RedisGears on Redis Cluster and SETS (sismember and SADD)

I want to make sure I am not re-processing sentences when I do nlp pipeline because I calculate rank on next step.
Example code:

def process_item(record):
    shard_id=hashtag()
    log(f"Matcher received {record['key']} and my {shard_id}")
    for each_key in record['value']:
        sentence_key=record['key']+f':{each_key}'
        tokens=set(record['value'][each_key].split(' '))
        processed=execute('SISMEMBER','processed_docs_stage3{%s}' % hashtag(),sentence_key)
        log(f"Matcher thinks {processed}")
        log("Matcher: length of tokens " + str(len(tokens)))
        if not processed:
            execute('SADD','processed_docs_stage3{%s}' % hashtag(),sentence_key)
        else:
            log(f"Alteady processed {sentence_key}")


bg = GearsBuilder('KeysReader')
bg.foreach(process_item)
bg.count()
bg.run('sentence:*',  mode="async_local")

If I run it twice it will produce desired behaviour in logs:
Matcher Alteady processed sentence:PMC5539802.xml:{06S}:53
Is it consistent behaviour? In other words the same hset keys will be allocated to the same shards so Sets behaviour even in cluster configuration will be valid? Obviously if I remove hashtag checks will fail with permission error.
I want to make sure I am not re-processing sentences regardless of gears to shards allocation.

@AlexMikhalev this will work as long as you do not reshard? After reshard you will have to process again the sentenses and recreate the sets (or tolarate reprocessing of the same sentence at least one more time aftet reshard)

Thank you @meirsh, can you help me understand visibility of cluster records in shards:
Let’s say I want to be able to control debug variable via redis cluster in each function I want to add

  debug=execute('GET','debug{%s}'% hashtag()) 
  if debug:
        log(f"Message") 

If I than run redis-cli -p 9001 -h 127.0.0.1 set debug 1, debug variable still will be None.
I remember seeing some clever hack on github proposed by @itamarhaber ?? where it will remap global variable to shards. Or is any other way doing it?

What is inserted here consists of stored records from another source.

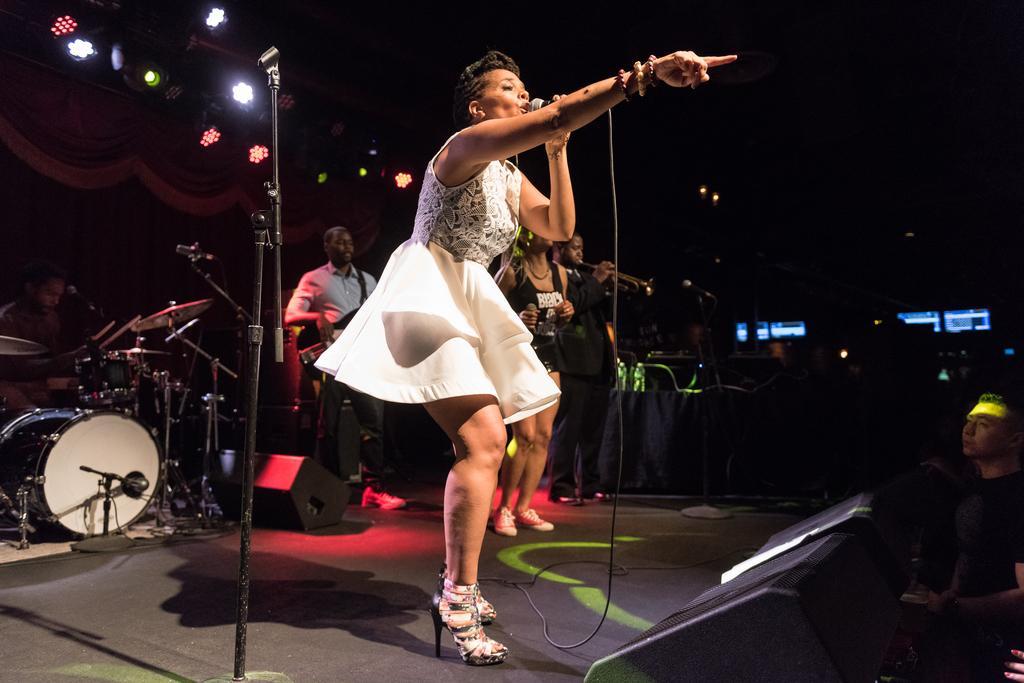Please provide a concise description of this image. It seems like a musical concert is going on. A lady wearing white dress is singing she is holding a mic. Behind her musicians are playing musical instruments. In the background there are lights. In front of the lady many people are standing watching her. 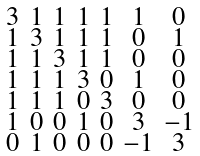<formula> <loc_0><loc_0><loc_500><loc_500>\begin{smallmatrix} 3 & 1 & 1 & 1 & 1 & 1 & 0 \\ 1 & 3 & 1 & 1 & 1 & 0 & 1 \\ 1 & 1 & 3 & 1 & 1 & 0 & 0 \\ 1 & 1 & 1 & 3 & 0 & 1 & 0 \\ 1 & 1 & 1 & 0 & 3 & 0 & 0 \\ 1 & 0 & 0 & 1 & 0 & 3 & - 1 \\ 0 & 1 & 0 & 0 & 0 & - 1 & 3 \end{smallmatrix}</formula> 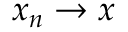<formula> <loc_0><loc_0><loc_500><loc_500>x _ { n } \to x</formula> 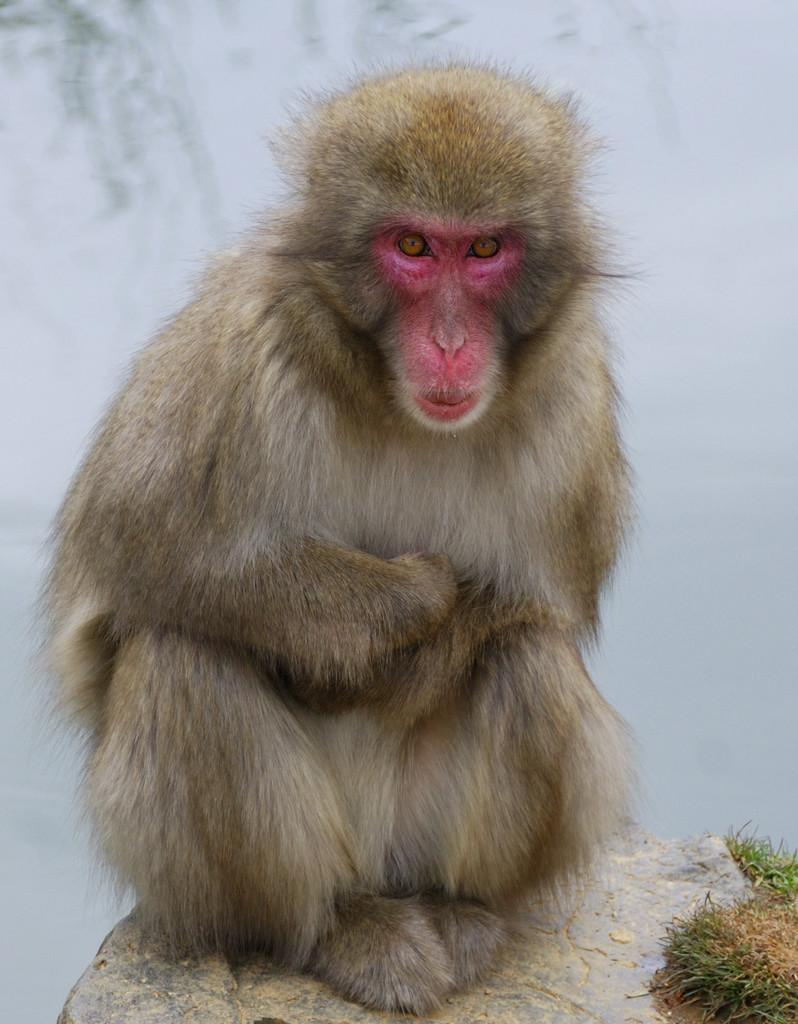What animal is present in the image? There is a monkey in the image. What is the monkey sitting on in the image? The monkey is sitting on a rock. Can you describe the background of the image? The background of the image is blurry. Are there any men working at the harbor in the image? There is no harbor or men present in the image; it features a monkey sitting on a rock with a blurry background.

@AlexMikhalev specifically for debugging I would use the Redis log level and add level=‘debug’ to the log function (Runtime - RedisGears - Programmable engine for data processing in Redis):

log(f"message", level='debug')

But generally, you can use command reader to change the debug{hashtag} variable on all the shards:

GB(‘CommandReader’).foreach(lambda x: execute(set, ‘debug{%s}’ % hashtag(), x[1])).register(trigger=‘DebugMode’)

Then do the following to enable debug mode:
> rg.trigger DebugMode 1

1 Like

Thank you @meirsh, my logic for handcrafting debug mod was that I don’t want to restart cluster when I want to change log level. Is it achievable with log and level=‘debug’? My understanding it will require change in redis.conf and restart of all nodes.
I am using similar to second option - except I use ‘ShardsIDReader’ instead of command.

You can do config set loglevel debug on each shard or again use gears with ShardsIDReader to perform this command on all the shards with a single line.